**DATA EXTRACTS**
"""

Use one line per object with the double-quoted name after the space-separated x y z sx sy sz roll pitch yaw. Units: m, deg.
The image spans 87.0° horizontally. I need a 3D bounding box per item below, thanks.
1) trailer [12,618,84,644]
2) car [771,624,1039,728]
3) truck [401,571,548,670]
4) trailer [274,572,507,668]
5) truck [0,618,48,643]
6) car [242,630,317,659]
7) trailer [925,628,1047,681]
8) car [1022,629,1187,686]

"""
"""

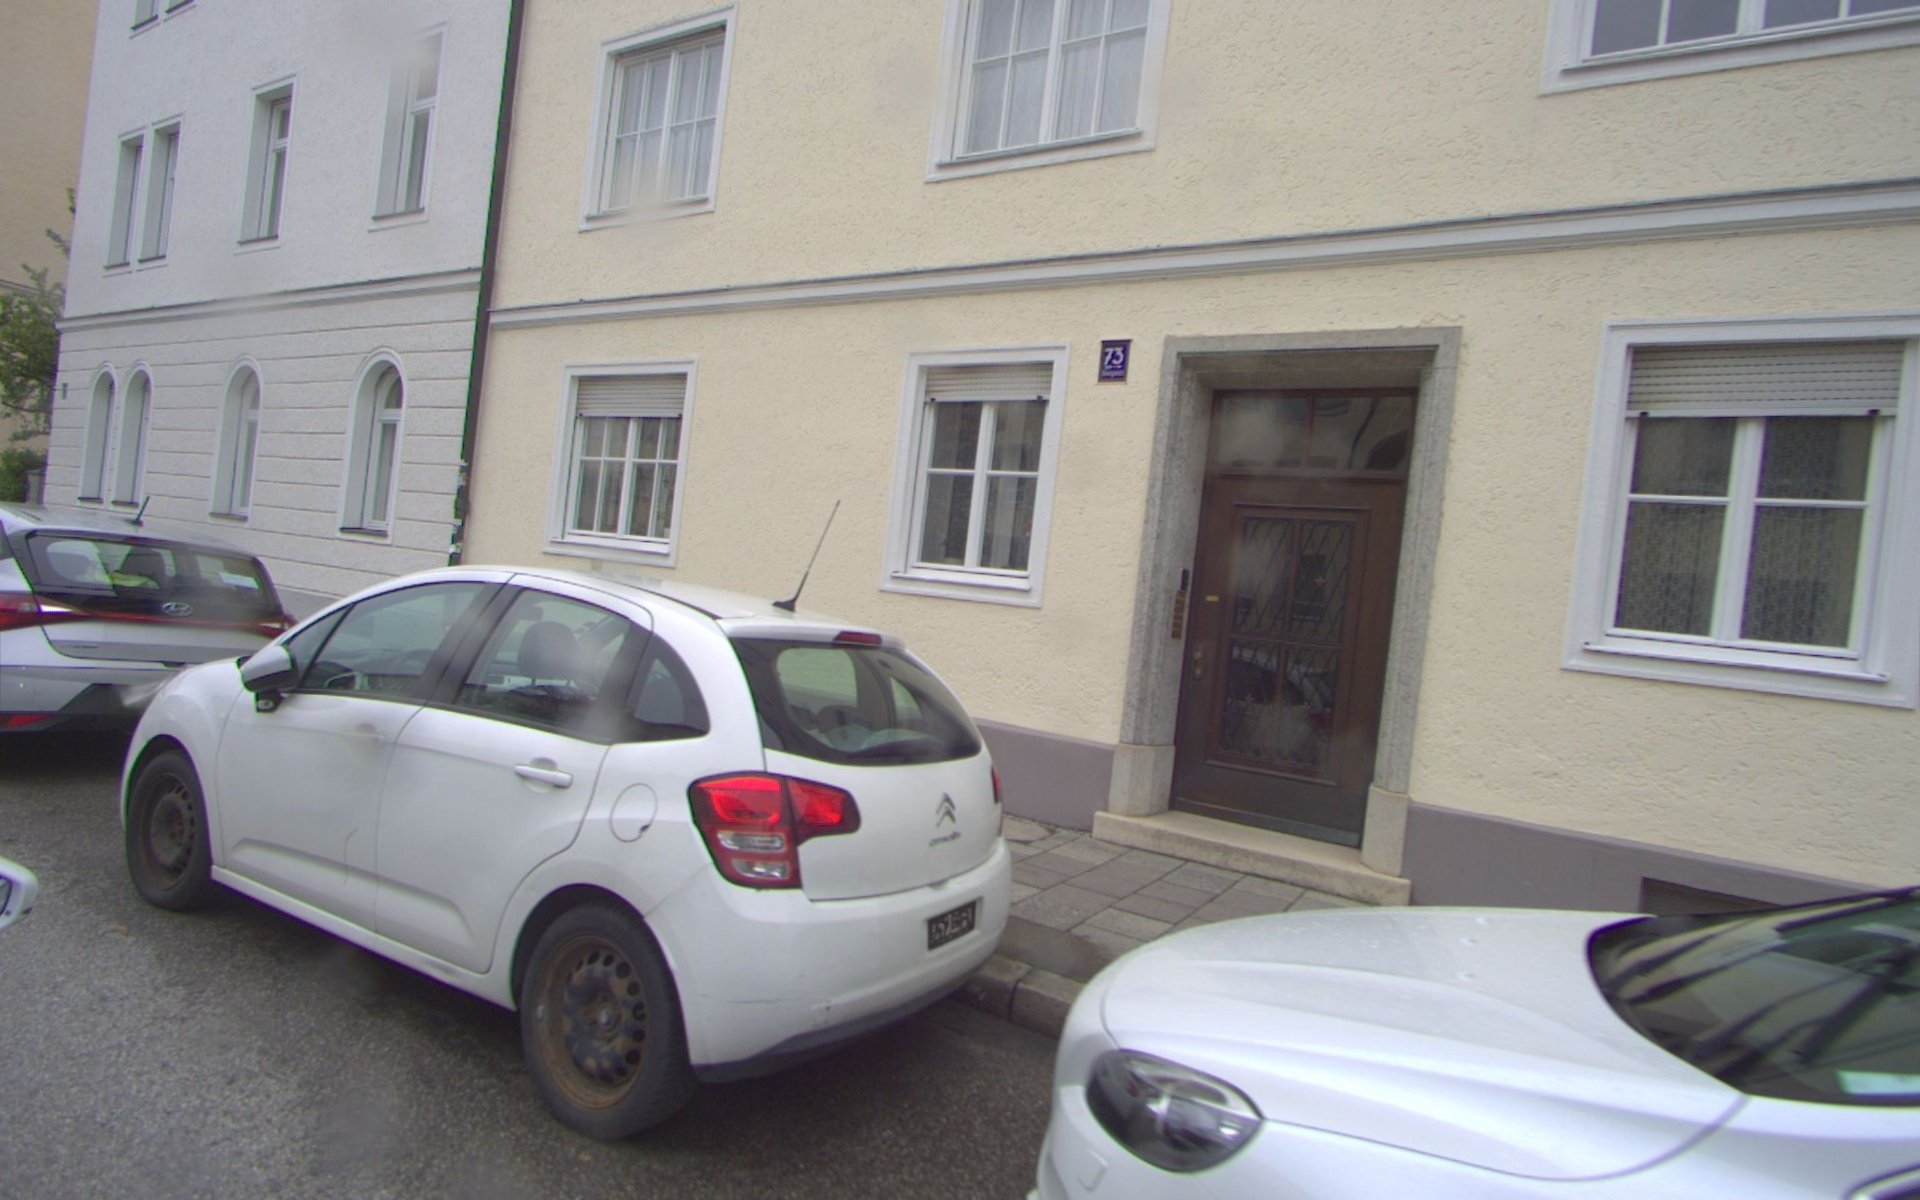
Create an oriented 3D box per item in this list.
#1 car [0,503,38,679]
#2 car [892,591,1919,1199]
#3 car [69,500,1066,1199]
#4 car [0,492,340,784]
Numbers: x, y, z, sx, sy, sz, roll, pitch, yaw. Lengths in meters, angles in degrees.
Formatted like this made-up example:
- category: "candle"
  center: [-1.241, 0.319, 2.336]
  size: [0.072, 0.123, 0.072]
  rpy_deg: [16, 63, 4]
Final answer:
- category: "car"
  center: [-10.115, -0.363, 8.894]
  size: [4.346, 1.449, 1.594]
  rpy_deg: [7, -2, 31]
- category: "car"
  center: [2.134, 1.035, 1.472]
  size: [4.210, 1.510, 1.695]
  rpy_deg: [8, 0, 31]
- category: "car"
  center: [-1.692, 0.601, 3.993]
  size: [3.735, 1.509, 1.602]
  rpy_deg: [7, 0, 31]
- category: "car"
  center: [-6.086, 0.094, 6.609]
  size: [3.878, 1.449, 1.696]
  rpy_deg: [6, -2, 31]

"""
"""

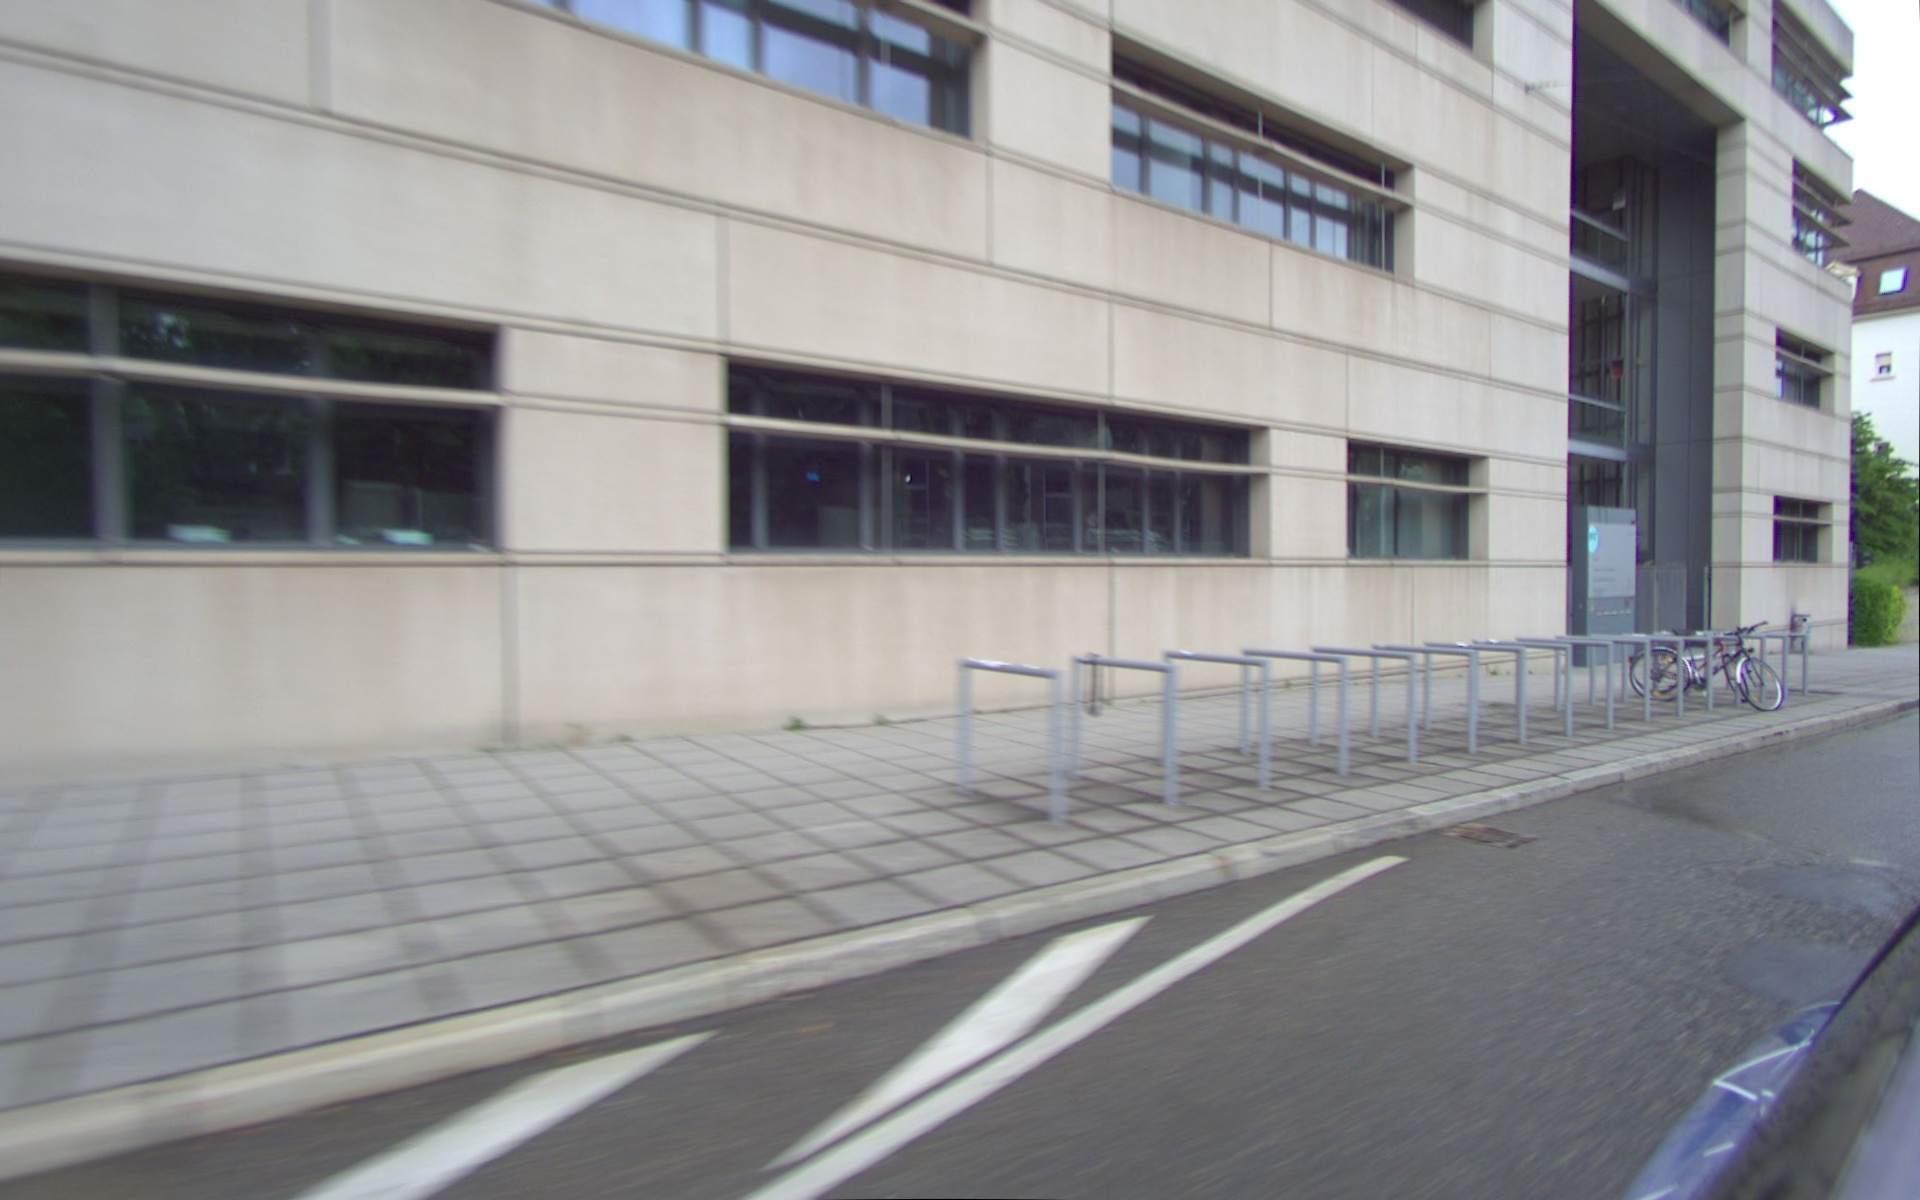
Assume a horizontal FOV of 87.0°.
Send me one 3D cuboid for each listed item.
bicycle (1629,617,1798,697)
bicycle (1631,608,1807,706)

"""

**TASK GOAL**
Take every line above carrying "truck" and return it.

**EXERCISE SOLUTION**
3) truck [401,571,548,670]
5) truck [0,618,48,643]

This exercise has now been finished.